# IPE Stair Tread Failure (Interior)



## 007 (Dec 15, 2008)

I have IPE hardwood floors and was planning on adding IPE stair treads. I had them custom made by a local shop who claimed to know the challenges of working with IPE but the treads I received had all sorts of issues like cupping, glue failures, tear out, etc . I'm back to drawing board now and need to start over 

*Option 1:*
Try again with another company and hope for better luck. (referrals?)(scared!)

*Option 2:*
What about doing an engineered IPE tread? The treads range in size from 36"-48". My ideas is:

- Use a one piece 4/4 solid tread which would eliminate the issues of glue failure 
- The underside would be plowed out 1/2" with the exception of the bullnose edge
- Kerf cuts to help prevent cupping
- Using West Systems 2 part epoxy, add 1/2" Baltic Birch plywood
- For added safety, add screws to the plywood
- I made a rendering in Google SketchUp to show exactly what I mean










To me it seems Option 2 has many benefits like dimensional stability and no chance of glue failure. Installation may be easier as well as I could glue the Baltic Birch direct to the stair tread which is a standard 2×10.

Thoughts/Suggestions?


----------



## JAAune (Jan 22, 2012)

Looks like a disaster waiting to happen. You can't just glue solid wood to a piece of plywood and expect that it will stay put. Most likely, the glue will fail as the ipe expands and contracts with humidity changes then it'll split apart where the screws are located. To prevent that problem, the Ipe layer would have to be thin. An 1/8" might work but that's pushing it (and screws aren't an option there). 1/16" would be better in terms of stability.

The problem with that is the fact that veneers aren't a great choice for something that's meant to be walked upon.

If you're going to back the Ipe with an alternate material, use solid wood and not plywood. That way the expansion and contraction of the upper and lower pieces will be similar.


----------



## Tony_S (Dec 16, 2009)

> I had them custom made by a local shop who claimed to know the challenges of working with IPE


If they truly knew the challenges if manufacturing stair treads out of Ipe, they would have turned you away.

I've had 4?....'episodes' lets call them, involving Ipe and glue. Failure on all counts.

Various PVA adhesives. Fail
Solvent based adhesives. Fail
Urea based adhesives. Fail
Epoxy (west systems). Fail
Roughing faces. Fail
Cleaning with solvent seconds before glue up. Fail
Tongue and groove glue up(involving all combinations above). Fail.
Even tried different suppliers, hoping that different mills/regions might make a difference. Fail.

I'm sure you'll hear stories….this one time in band camp…I glued up a lil' box and had no issues…or I built a (you name it) and had no issues.
Very much possible….but if I was to speculate, the material they were using wasn't true Ipe(but something very similar looking and sold as Ipe) Or at the very least, an Ipe subspecies with a much lower oil content. Also, minimal stresses on the jionts as compared to a stair tread.
I would suspect that's how the engineered flooring manufactures of 'Ipe' flooring have any success.
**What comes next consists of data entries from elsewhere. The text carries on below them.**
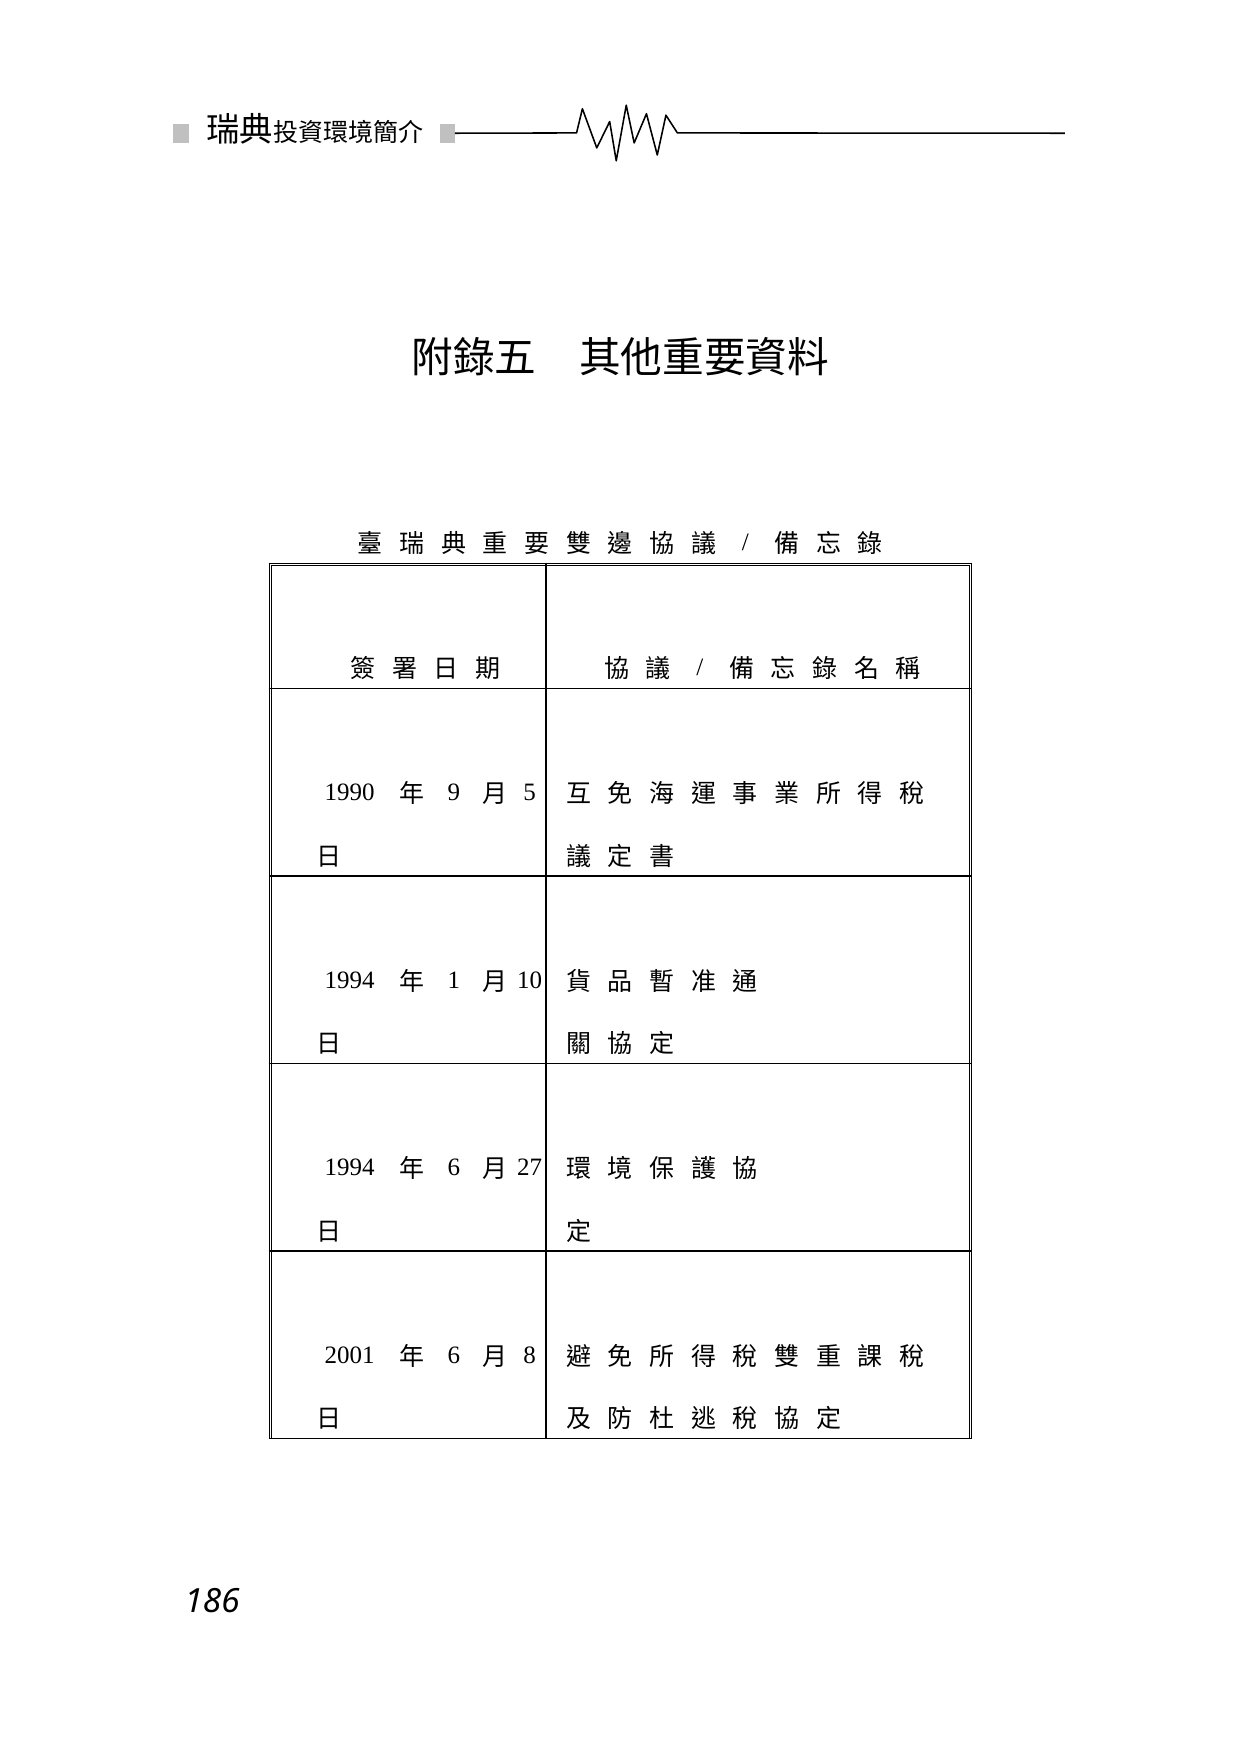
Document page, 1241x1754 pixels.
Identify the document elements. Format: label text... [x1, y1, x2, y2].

table_cell 1990年9月5日 [272, 689, 545, 875]
table_cell 避免所得稅雙重課稅及防杜逃稅協定 [547, 1252, 969, 1438]
table_cell 1994年1月10日 [272, 877, 545, 1063]
text 臺瑞典重要雙邊協議/備忘錄 [183, 500, 1058, 563]
table_cell 2001年6月8日 [272, 1252, 545, 1438]
table_cell 環境保護協定 [547, 1064, 969, 1250]
table_header 協議/備忘錄名稱 [547, 566, 969, 688]
table_cell 1994年6月27日 [272, 1064, 545, 1250]
text 附錄五 其他重要資料 [183, 313, 1058, 375]
table_header 簽署日期 [272, 566, 545, 688]
table_cell 貨品暫准通關協定 [547, 877, 969, 1063]
table_cell 互免海運事業所得稅議定書 [547, 689, 969, 875]

The simplest solution In my professional opinion, is to use the same, or similar flooring you have on the floor to clad the stair treads. Done.


----------



## bondogaposis (Dec 18, 2011)

It won't work. You are trying to bond solid wood to a stable material, plywood. When the wood moves it will cup and bow because the plywood can't.


----------



## 220SF (Nov 6, 2014)

When IPE came on the scene here in Northern Ohio I saw a front porch done on a new home and it shrunk almost two inches in forty feet. If I'am thinking right IPE is quite dense full of natural oil tannins (like teak).
For what its worth have you thought of using a look a like wood that is easy to finish. Flat cut cherry if you are looking at the grain or flat cut mahogany would give the pore structure.
Then….a good finisher to pre-finish the treads for you using dye rather than stain that enhances the wood giving depth and matching the color of the floor. 
Please remember to balance the finish on both sides of the treads to equalize moisture migration especially on stairs. We use one seal coat and one finish on all surfaces sanding between coats and one top coat on the face using a high quality conversion varnish.
Hope that helps


----------



## 007 (Dec 15, 2008)

I think it's fair to say Option 2 has been kicked to the curb.

Is there another species of wood that would have a similar appearance to IPE that may be more friendly to work with?
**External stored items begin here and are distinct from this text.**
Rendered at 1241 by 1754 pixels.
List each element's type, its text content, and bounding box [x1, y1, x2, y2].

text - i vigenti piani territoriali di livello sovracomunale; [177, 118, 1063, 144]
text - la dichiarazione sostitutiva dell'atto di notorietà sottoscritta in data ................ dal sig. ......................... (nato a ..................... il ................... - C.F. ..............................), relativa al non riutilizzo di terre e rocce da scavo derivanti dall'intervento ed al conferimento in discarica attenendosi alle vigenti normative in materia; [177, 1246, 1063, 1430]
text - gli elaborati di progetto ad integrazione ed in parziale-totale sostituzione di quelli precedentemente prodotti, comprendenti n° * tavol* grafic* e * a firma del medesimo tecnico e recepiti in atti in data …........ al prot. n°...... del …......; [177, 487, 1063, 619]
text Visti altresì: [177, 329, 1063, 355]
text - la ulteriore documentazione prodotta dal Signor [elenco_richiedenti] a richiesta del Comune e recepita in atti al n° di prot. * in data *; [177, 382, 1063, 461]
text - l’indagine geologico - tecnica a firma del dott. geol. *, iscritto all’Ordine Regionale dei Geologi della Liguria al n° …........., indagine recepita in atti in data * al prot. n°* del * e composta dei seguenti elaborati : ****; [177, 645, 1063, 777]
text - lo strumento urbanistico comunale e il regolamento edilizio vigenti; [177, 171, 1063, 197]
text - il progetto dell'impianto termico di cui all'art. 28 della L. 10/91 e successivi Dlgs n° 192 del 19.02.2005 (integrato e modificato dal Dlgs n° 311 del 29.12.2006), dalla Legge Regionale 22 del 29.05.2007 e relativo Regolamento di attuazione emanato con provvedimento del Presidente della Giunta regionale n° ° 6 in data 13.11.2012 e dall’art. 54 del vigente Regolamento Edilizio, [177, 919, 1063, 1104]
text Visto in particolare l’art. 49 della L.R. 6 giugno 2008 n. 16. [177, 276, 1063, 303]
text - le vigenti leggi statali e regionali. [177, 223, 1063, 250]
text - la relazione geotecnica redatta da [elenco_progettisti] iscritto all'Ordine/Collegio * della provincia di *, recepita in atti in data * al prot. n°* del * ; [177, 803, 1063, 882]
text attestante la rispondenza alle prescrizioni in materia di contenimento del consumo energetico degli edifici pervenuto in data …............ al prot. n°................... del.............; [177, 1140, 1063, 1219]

I see a number of places online that sell IPE stair treads. I would assume most of these places are buying them from the same supplier who makes them in large quantities. Might be a good route to go in hopes that a large scale operation might have better equipment/knowledge/quality control. Anyone have an experience with this route?

Here is a link to the flooring if it helps:
http://www.novausawood.com/ProductID1592


----------



## 007 (Dec 15, 2008)

> Flat cut cherry if you are looking at the grain or flat cut mahogany would give the pore structure.


You wouldn't happen to have any pictures of this finished up like IPE would you?


----------



## josephf (Aug 29, 2012)

Have had all the above problems yet keep hearing from individuals who claim that it is such a great product .Really skeptical about those stories .
got a question for OP . what is under the house -is there lots of moisture .how stable is miosture in your house? flooring always needs to be stablized to a house though wondering if your situation is a bit more complex . also how dry was the board you installed . Was it checked with moisture meter .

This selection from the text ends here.